In the next lecture (which will start with the end of this notebook), we will look at calculating inverses more generally (although it turns out that this is something that you should almost never do explicitly, even on a computer!). I gave a quick preview of how to do it: from AA⁻¹ = I, it turns out that we just need to solve Ax=b for a sequence of right-hand sides b. If the b's are the columns of I, then the x's will be the columns of A⁻¹! And solving each of these right-hand sides is easy once you have A=LU. (This is essentially how the computer gets A⁻¹ when you do inv(A).)

Further reading: Textbook sections 2.5, 2.6. Strang lecture 4 video and lecture 3 video.

Lecture 4 (Sep 12)

Went through how to explicitly compute A⁻¹ by solving AA⁻¹ = I. In particular, went through the Gauss–Jordan algorithm (on a 3×3 example that can also be found in the textbook): If we do row operations on A to get I, then the same row operations on I give A⁻¹! To carry this out by hand, we augment (A|I), do ordinary Gaussian elimination to get (U|C), and then do elimination "upwards" to get (I|A⁻¹).

This does not mean that matrix inverses are useless! However, they are mainly a conceptual tool that we use to move matrices around symbolically in equations. Once you are through with your algebraic manipulations, you might end up with an expression like A⁻¹b — but when it comes time to actually compute the answer, you should read "A⁻¹b" as "solve Ax=b for x by the best available method".

Began a more realistic and complete discussion of LU factorization (beginning of 2nd notebook above), covering:

  • How the L matrix entries are just the multipliers from Gaussian elimination. No extra work is required!
  • How in practice, one rarely "augments" the matrix with the right-hand side. Instead, you compute A=LU, substitute this into Ax=b=LUx, let c=Ux, solve Lc=b, then solve Ux=c. In particular, solving Lc=b is exactly the same as performing the Gaussian-elimination steps on c. (The "augmented" method is a little easier for human bookkeeping, but has essentially no advantage for the computer.)

Further reading: Textbook sections 2.5, 2.6. Strang video lecture 3. Strang video lecture 4.

Lecture 5 (Sep 14)

Finished going through a more realistic and complete discussion of LU factorization, with some blackboard aids, covering:

  • How the L matrix entries are just the multipliers from Gaussian elimination. No extra work is required!
  • How in practice, one rarely "augments" the matrix with the right-hand side. Instead, you compute A=LU, substitute this into Ax=b=LUx, let c=Ux, solve Lc=b, then solve Ux=c. In particular, solving Lc=b is exactly the same as performing the Gaussian-elimination steps on c. (The "augmented" method is a little easier for human bookkeeping, but has essentially no advantage for the computer.)
  • Given A=LU, you can efficiently solve multiple right-hand sides, or equivalently the matrix equation AX=B.
  • How row swaps lead to the factorization PA=LU: in practice, the computer almost always does row swaps, and always gives you a permutation matrix P (or its equivalent).
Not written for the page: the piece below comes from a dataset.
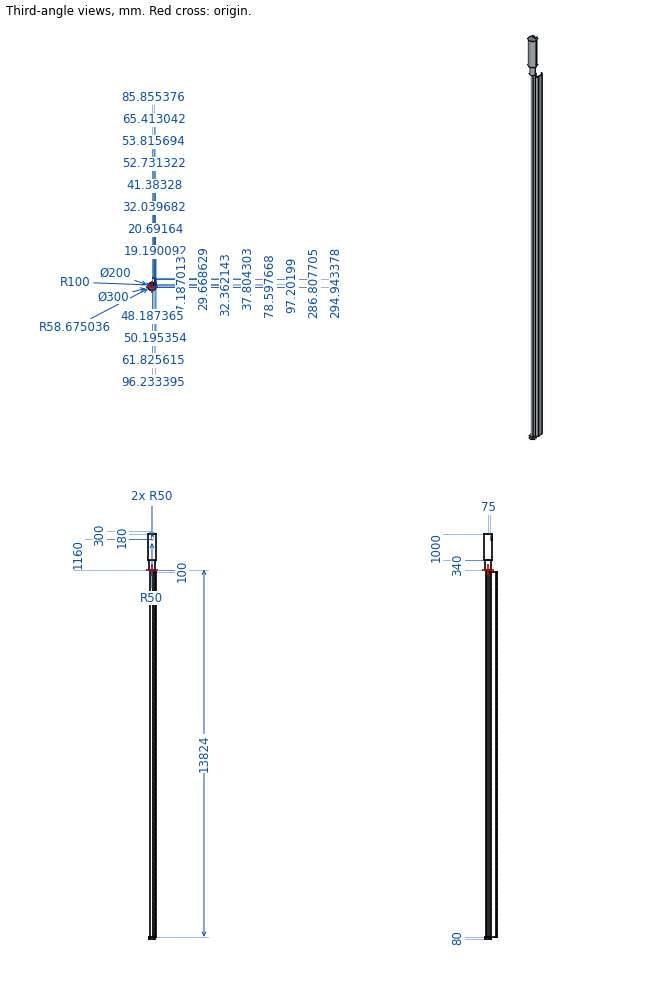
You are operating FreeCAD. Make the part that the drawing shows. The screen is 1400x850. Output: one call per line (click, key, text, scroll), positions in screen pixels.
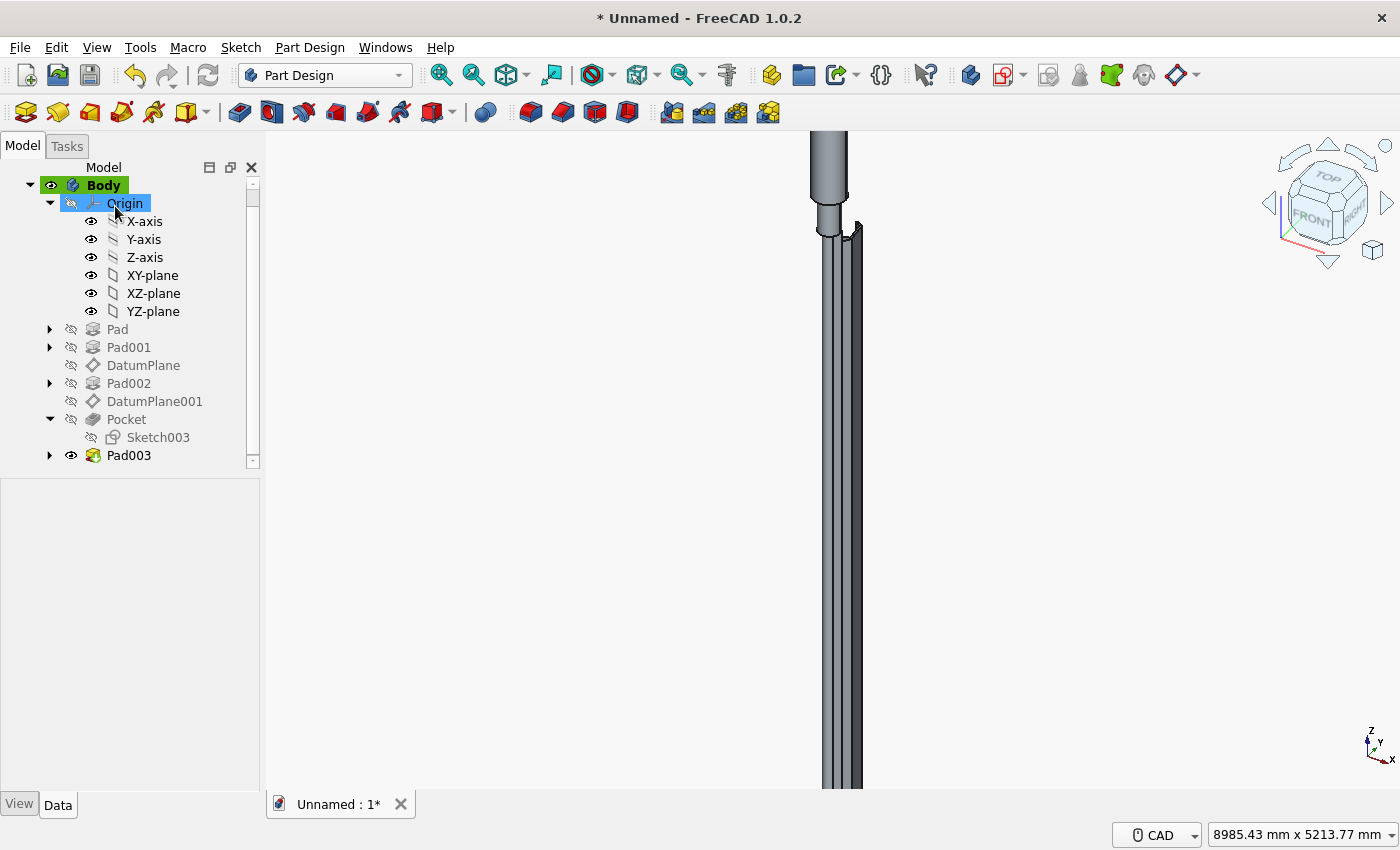
click(442, 76)

Complexity of matrix operations: why matrix × vector or backsubstitution scale like n² for n×n matrices, while matrix × matrix or Gaussian elimination (LU factorization) scale like n³. Matrices much bigger than a few thousand square quickly become impractical, and really large problems are only tractable because they have special structure like sparsity.
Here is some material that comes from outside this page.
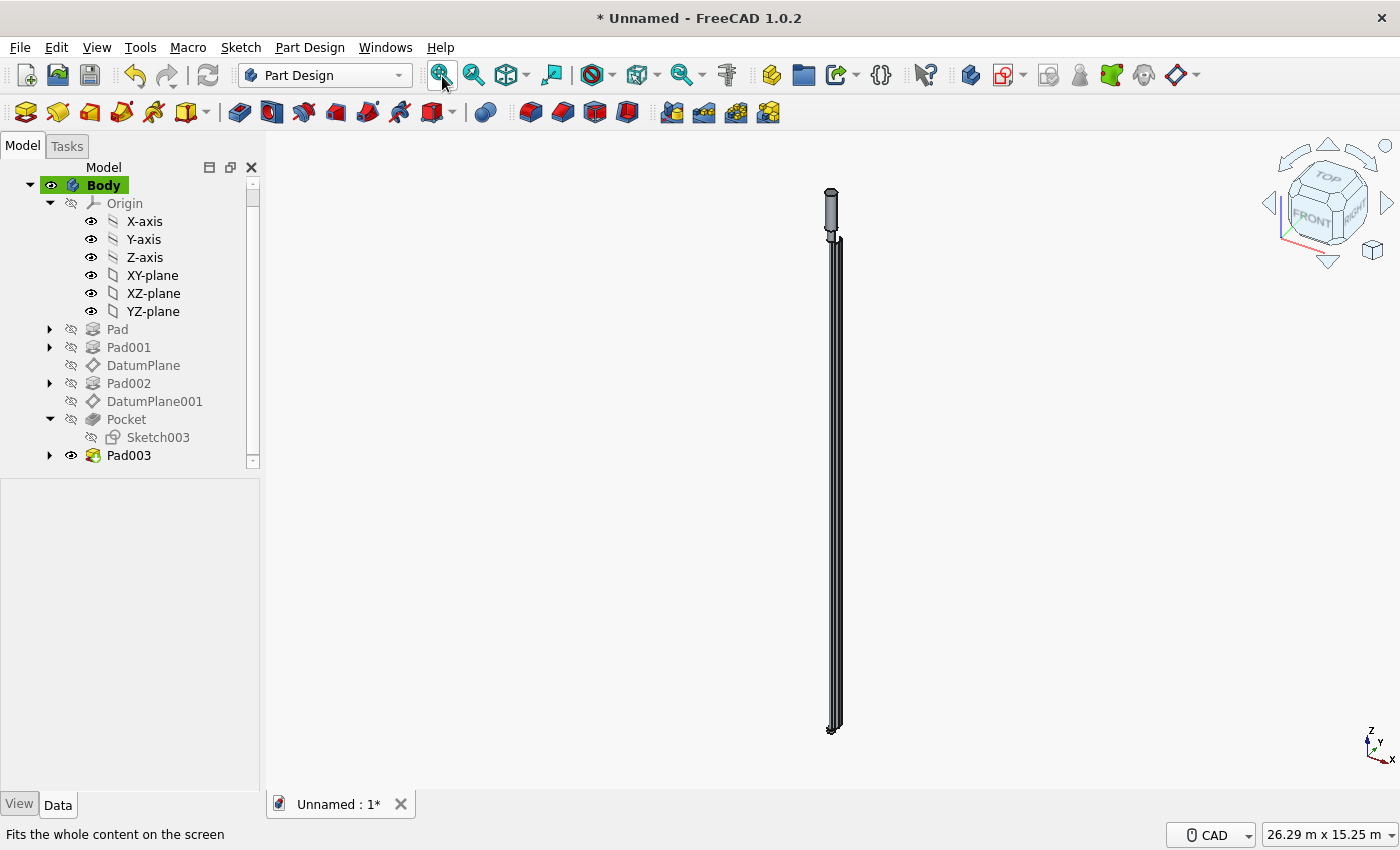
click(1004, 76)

Further reading: Textbook sections 2.6 ("The cost of elimination"), 2.7 (on permutations; we will talk about transposes soon), and 11.1. Strang video lecture 4 and video lecture 5. For 18.06, I don't expect you to know the details of how the permutation P in PA=LU is constructed even though you don't know the permutation in advance, but if you are interested it is described in lecture 21 of Numerical Linear Algebra by Trefethen and Bau (readable online with MIT certificates; this is a graduate-level textbook used for 18.335, so don't let it scare you!).

Lecture 6 (Sep 17)

Complexity of matrix operations: why matrix × vector or backsubstitution scale like n² for n×n matrices, while matrix × matrix or Gaussian elimination (LU factorization) scale like n³. Matrices much bigger than a few thousand square quickly become impractical, and really large problems are only tractable because they have special structure like sparsity.

Started looking at singular matrices more carefully. Not all singular matrices are created equal!

Defined the rank of a matrix = # pivots (note that pivots are nonzero by definition). An invertible matrix, i.e. a square non-singular matrix, has full rank: rank = number of rows = number of columns; more generally, a non-square full rank matrix has rank equal to either the number of rows or columns (whichever is smaller). A rank-deficient matrix has a rank less than both the number of rows or the number of columns. Our main goal for the next few weeks will be to understand non-square and rank-deficient matrix problems.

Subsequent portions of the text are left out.